• YOUR ASSIGNMENT:
Your answer should be an exact copy of the lines from the one holding "The height and" to the end of the material below, pictures left out.

• AVAILABLE RECORDS:
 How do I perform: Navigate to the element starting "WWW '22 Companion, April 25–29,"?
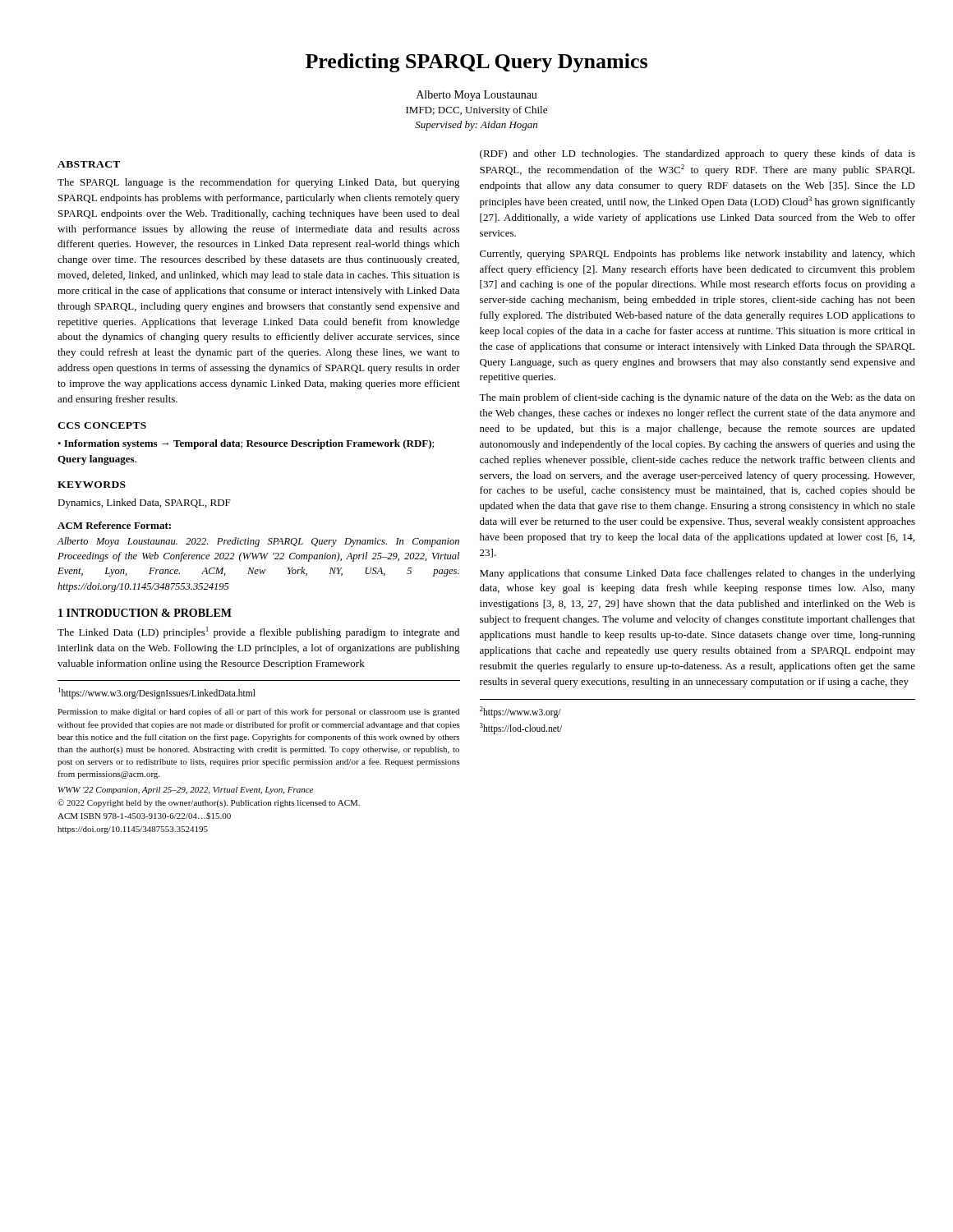[x=185, y=789]
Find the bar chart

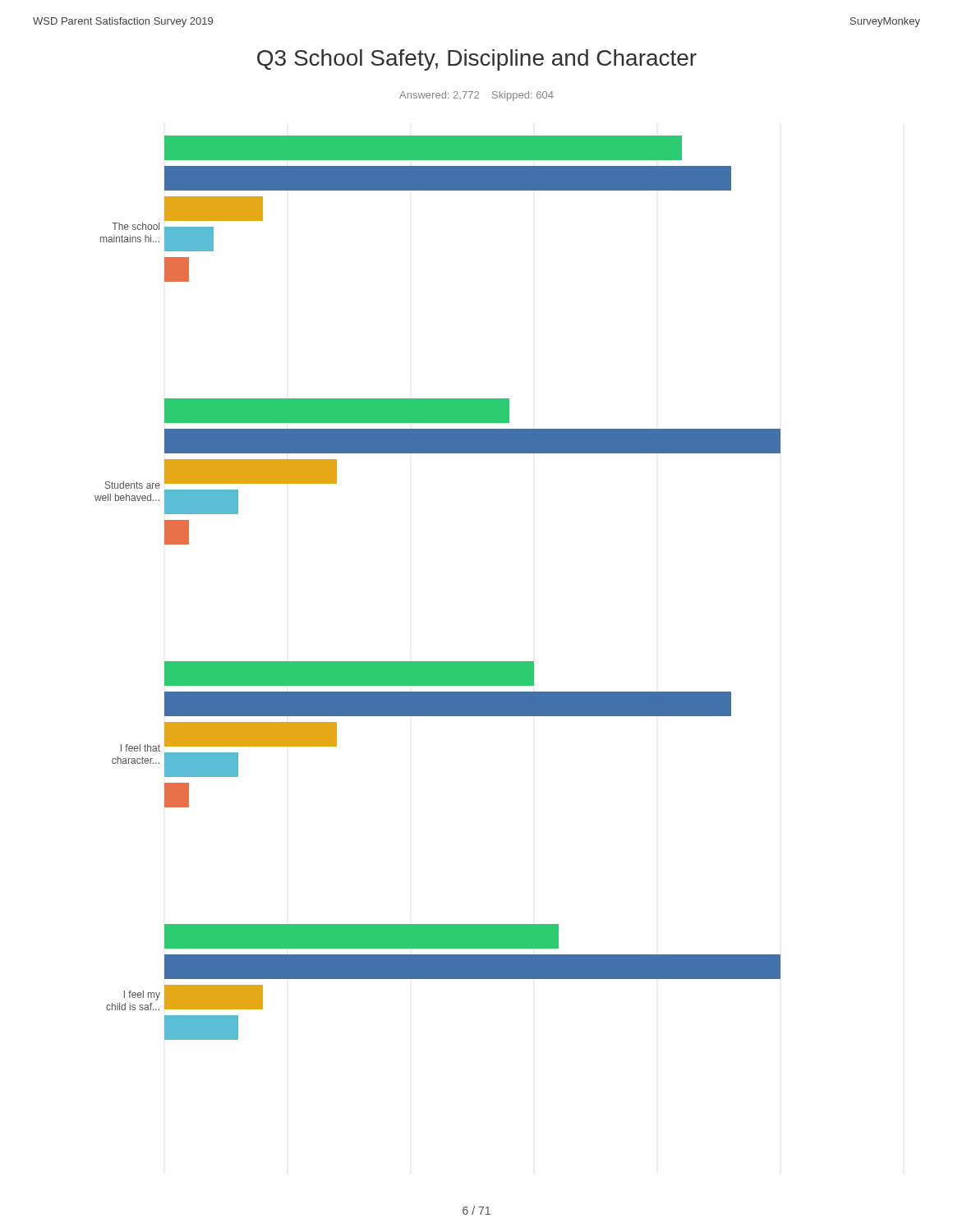476,649
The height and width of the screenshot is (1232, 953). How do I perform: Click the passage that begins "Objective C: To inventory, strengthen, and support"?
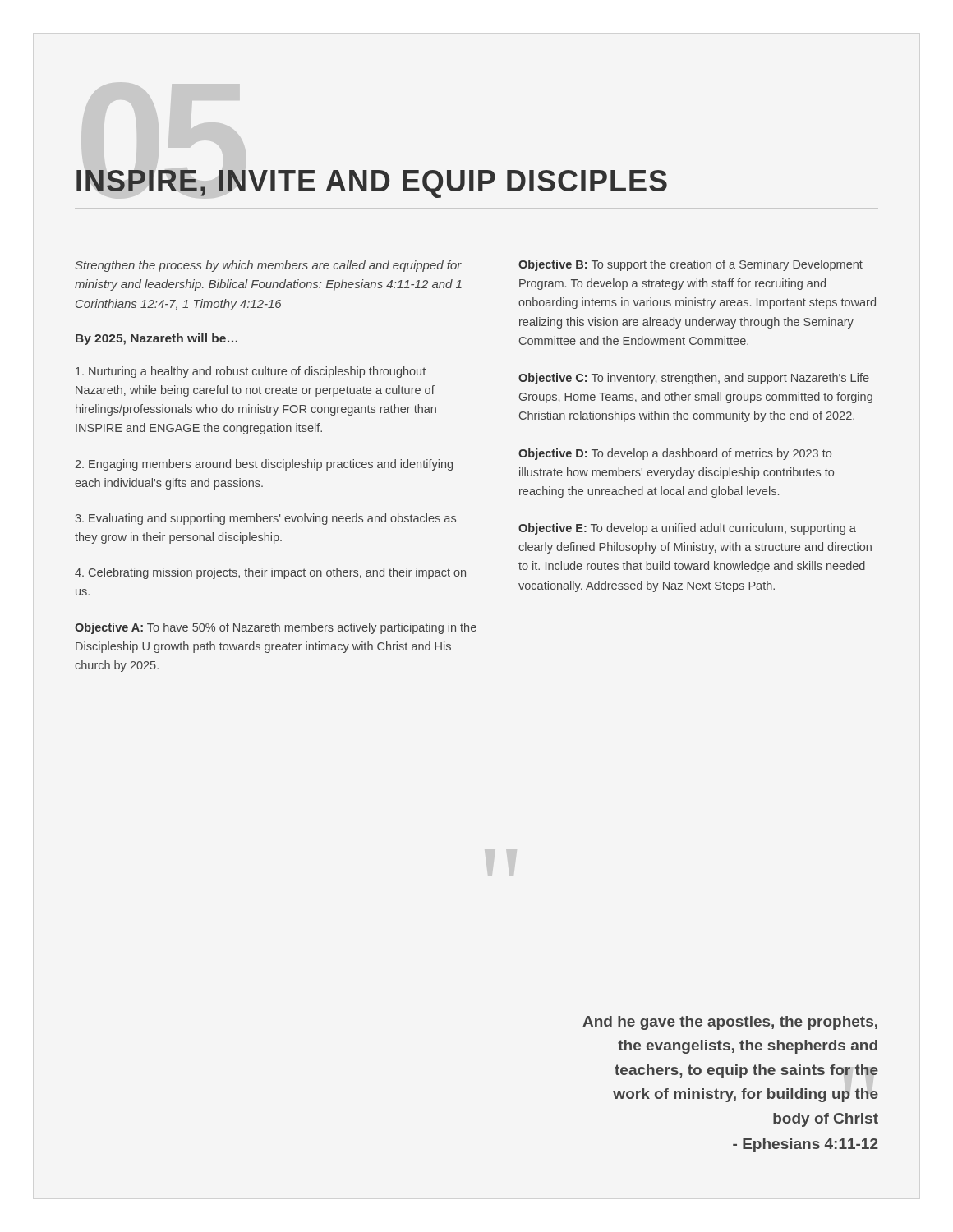(x=698, y=397)
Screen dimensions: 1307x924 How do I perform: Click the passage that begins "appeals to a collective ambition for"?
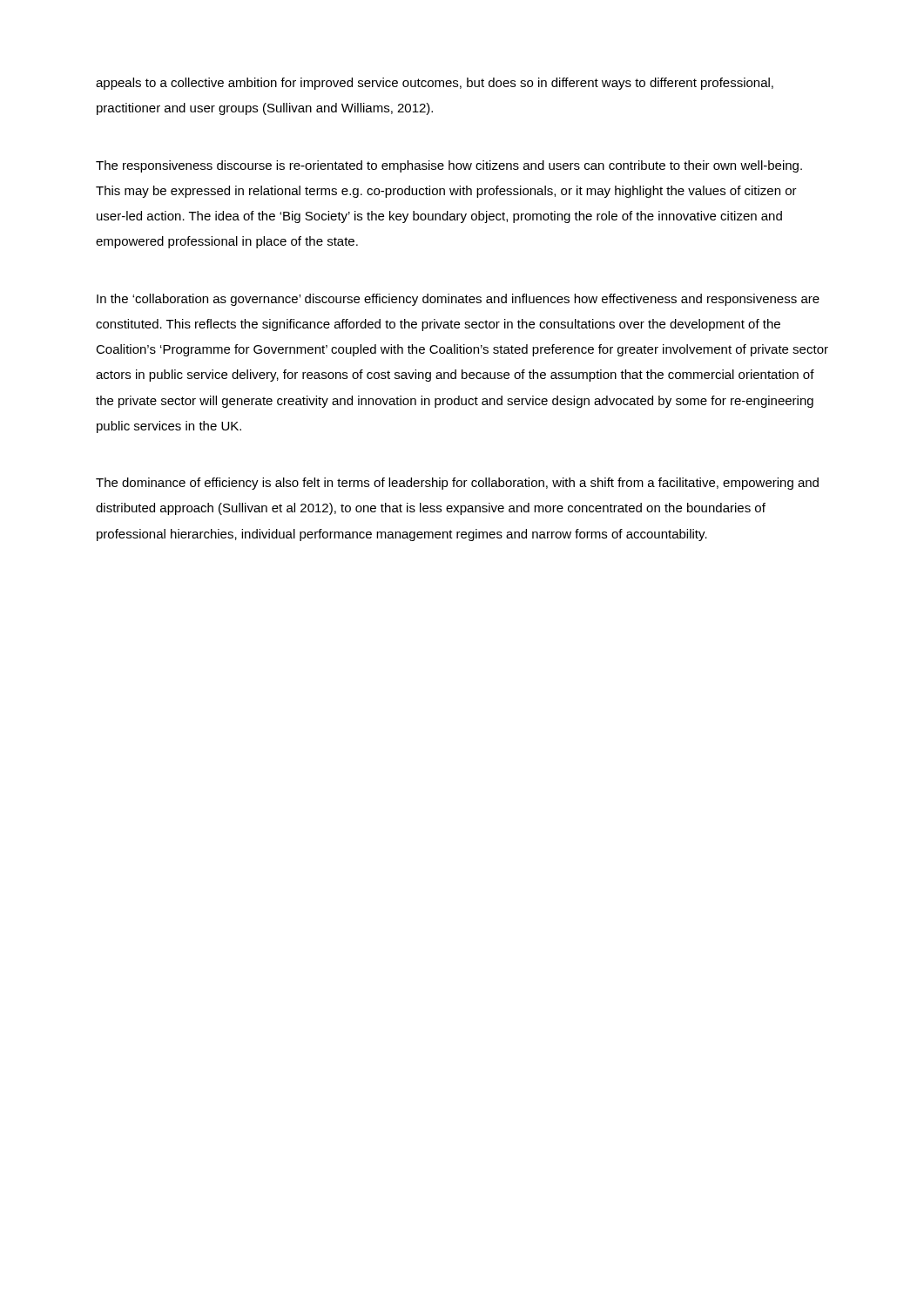(x=435, y=95)

• OUTPUT FOR THIS EXERCISE:
The height and width of the screenshot is (1232, 953). How do I perform: Click the passage that begins "Objective C: To inventory, strengthen, and support"?
(x=698, y=397)
Screen dimensions: 1307x924 How do I perform: Click the passage that begins "appeals to a collective ambition for"?
(x=435, y=95)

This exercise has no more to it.